Current situation is unfavorable, images are all stored and served from the webserver. This puts a lot of extra load and bandwidth usage on the webserver which we want to avoid.

Also when making snapshots or backing up the server 10.000+ images, which is actually 60.000+ with all media sizes, is inconvenient to say the least.

  • Optimize image load times
  • Reduce webserver load
  • Reduce used bandwith
  • Reduce webserver disk space

How?

Using plugins?

We have tried most, if not all, plugins to achieve the goal.

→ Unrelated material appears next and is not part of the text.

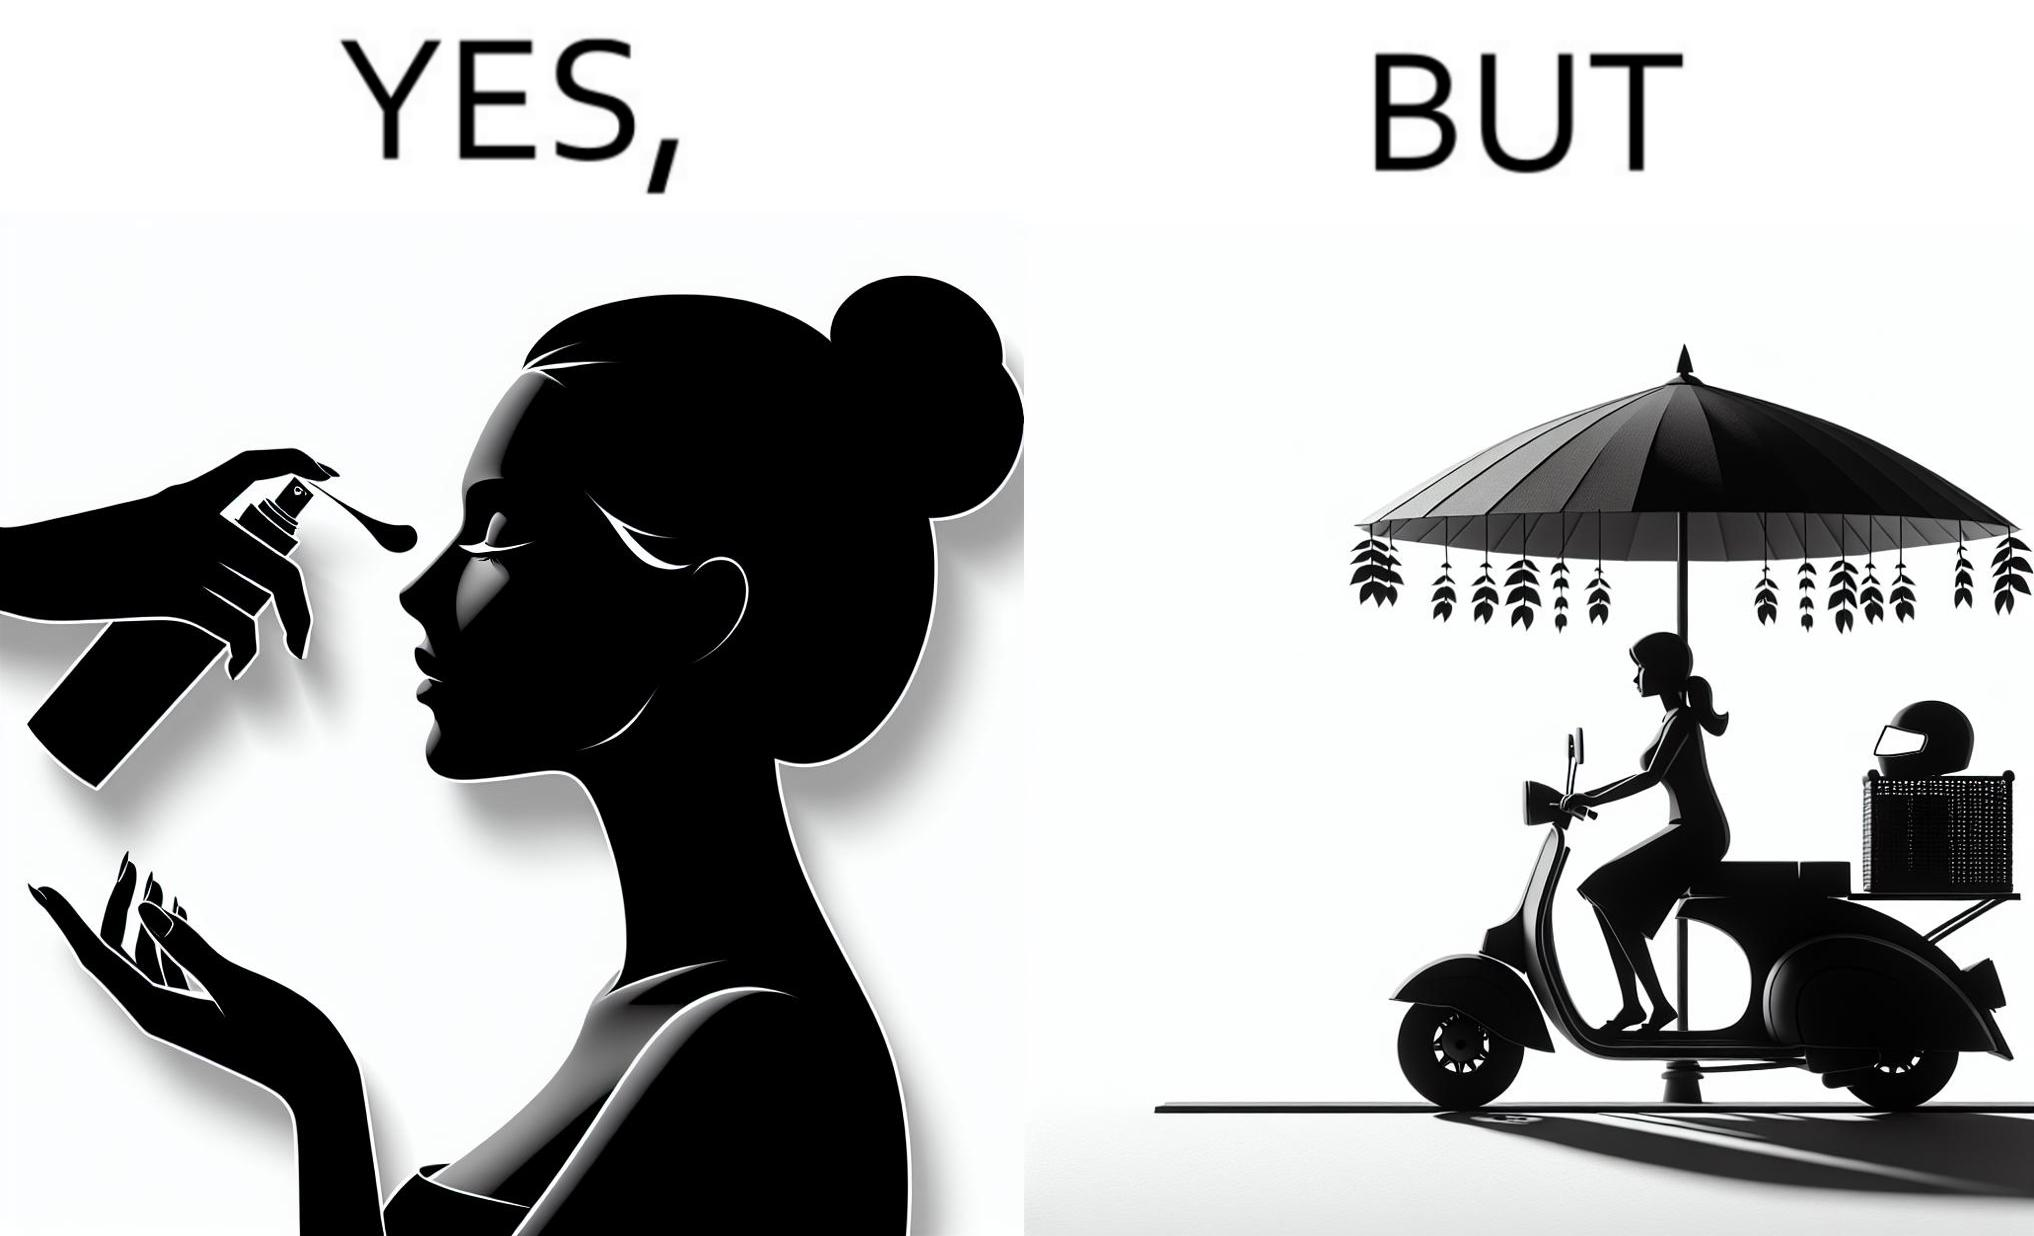What is shown in the left half versus the right half of this image? In the left part of the image: The image shows a woman applying sunscreen with high SPF on her face. In the right part of the image: The image shows a woman riding a scooter with her helmet on the back seat.

The issues with most of them are the unfavorable vendor lock in, pricing, existing media issues etc etc.

Initially we did not want to create our own implementation and went ahead with Spaces Sync plugin which does one thing well, it hooks to add_attachment and delete_attachment hooks to copy or remove the media to and from S3 compatible storage.

CDN compatibility with other plugins

First pitfall..

Not all media plugins work well with offsite images. Think about regeneration plugins, crop plugins or any plugin which expects the file to be stored local.

The Fly Dynamic Image Resizer plugin is a great tool to reduce image sizes, especially when dealing with huge banner images. It creates the required image size on the fly when required. Call me autistic but I refuse to add a addtional image size for each media attachment when the size is rarely used.

Anyway, when an image is stored offsite, the image resizer is unable to create the required image from the source. First option would be to request the plugin author to get the file url instead of the file path. Or we can hook in the get_attached_file action hook and serve our full CDN url.

add_filter ( 'get_attached_file', 'my_get_attached_file', 1, 2);
function my_get_attached_file( $file, $attachment_id )
{    
     if ( ! file_exists ( $file ) ) # we will improve this later in this blog post :)
     {
         return str_replace('/home/991455.cloudwaysapps.com/juseyhuctm/public_html/wp-content/uploads','https://cdn.url.com',$file);
     }   
     return $file;
}

Ignore the file_exists for now. We will improve that later in the blog post but for now it will be sufficient.

Blocking or Non-blocking

Second pitfall..

Some plugins are blocking progress when uploading or removing media. Under normal conditions this should not be a issue. What if the CDN reacts slowly? It would block everything until the full job has completed.

For example, we are using a Lightroom export plugin which adds/removes media from and to WordPress. We found that the Spaces Sync is blocking during the sync of S3 spaces. Which leads to huge delays when adding or removing attachments through Lightroom.

This means that the CDN syncronization should be active with scheduled, or non blocking, background tasks. At this time, after testing many plugins, we had enough. Lets just create our own implementation.

First implementation

Mass upload server side solution

First we need to know how to interact with the CDN. After some research we found s3cmd. Now there seem to be some revisions: s4cmd and s5cmd which are able to move significantly more data in a shorter timeframe.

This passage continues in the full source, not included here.